WHAT YOU NEED TO DO - Every record below is to be restated verbatim, though its images are not.

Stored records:
BEGIN
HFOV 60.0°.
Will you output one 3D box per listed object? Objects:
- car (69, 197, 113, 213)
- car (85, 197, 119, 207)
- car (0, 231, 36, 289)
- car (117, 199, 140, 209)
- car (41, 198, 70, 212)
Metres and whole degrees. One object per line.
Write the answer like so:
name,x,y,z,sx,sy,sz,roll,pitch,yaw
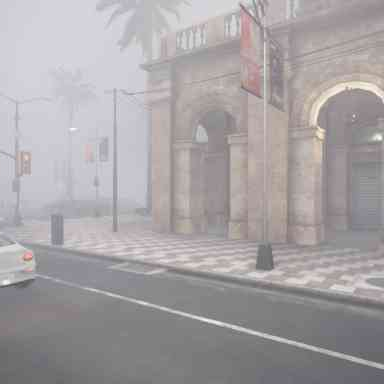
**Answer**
car,-11.027,1.564,37.214,1.994,1.385,4.181,0,0,36
car,-13.786,1.513,51.035,2.161,1.482,4.786,0,0,35
car,-5.527,1.526,7.900,4.674,1.442,1.812,0,0,36
car,-9.410,1.601,45.822,1.895,1.301,4.718,0,0,36
car,-14.809,1.505,38.287,1.837,1.490,4.892,0,0,36
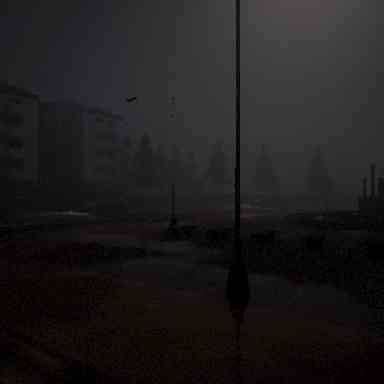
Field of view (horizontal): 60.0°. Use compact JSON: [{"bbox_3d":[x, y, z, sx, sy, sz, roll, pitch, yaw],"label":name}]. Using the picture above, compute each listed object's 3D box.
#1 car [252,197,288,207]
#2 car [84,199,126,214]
[{"bbox_3d":[12.231,1.475,52.057,5.357,1.411,2.033,0,0,-12],"label":"car"},{"bbox_3d":[-9.464,1.458,36.374,4.674,1.442,1.812,0,0,-43],"label":"car"}]
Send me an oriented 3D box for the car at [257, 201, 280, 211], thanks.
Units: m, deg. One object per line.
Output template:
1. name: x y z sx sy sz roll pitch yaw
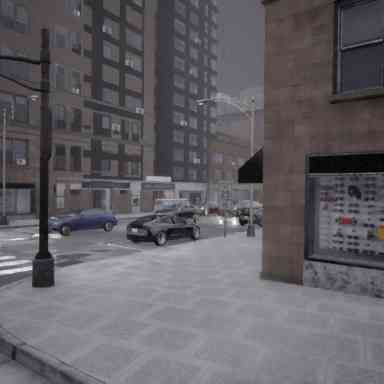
END
WRITTEN ANSWER -
HFOV 60.0°.
Will you output one 3D box per listed object? Objects:
- car (69, 197, 113, 213)
- car (85, 197, 119, 207)
- car (0, 231, 36, 289)
- car (117, 199, 140, 209)
- car (41, 198, 70, 212)
Metres and whole degrees. One object per line.
Write the answer like so:
name,x,y,z,sx,sy,sz,roll,pitch,yaw
**Answer**
car,-11.027,1.564,37.214,1.994,1.385,4.181,0,0,36
car,-13.786,1.513,51.035,2.161,1.482,4.786,0,0,35
car,-5.527,1.526,7.900,4.674,1.442,1.812,0,0,36
car,-9.410,1.601,45.822,1.895,1.301,4.718,0,0,36
car,-14.809,1.505,38.287,1.837,1.490,4.892,0,0,36
Field of view (horizontal): 60.0°. Use compact JSON: [{"bbox_3d":[x, y, z, sx, sy, sz, roll, pitch, yaw],"label":name}]. Using the picture above, compute each listed object's 3D box.
#1 car [252,197,288,207]
#2 car [84,199,126,214]
[{"bbox_3d":[12.231,1.475,52.057,5.357,1.411,2.033,0,0,-12],"label":"car"},{"bbox_3d":[-9.464,1.458,36.374,4.674,1.442,1.812,0,0,-43],"label":"car"}]
Send me an oriented 3D box for the car at [257, 201, 280, 211], thanks.
Units: m, deg. One object per line.
Output template:
1. name: x y z sx sy sz roll pitch yaw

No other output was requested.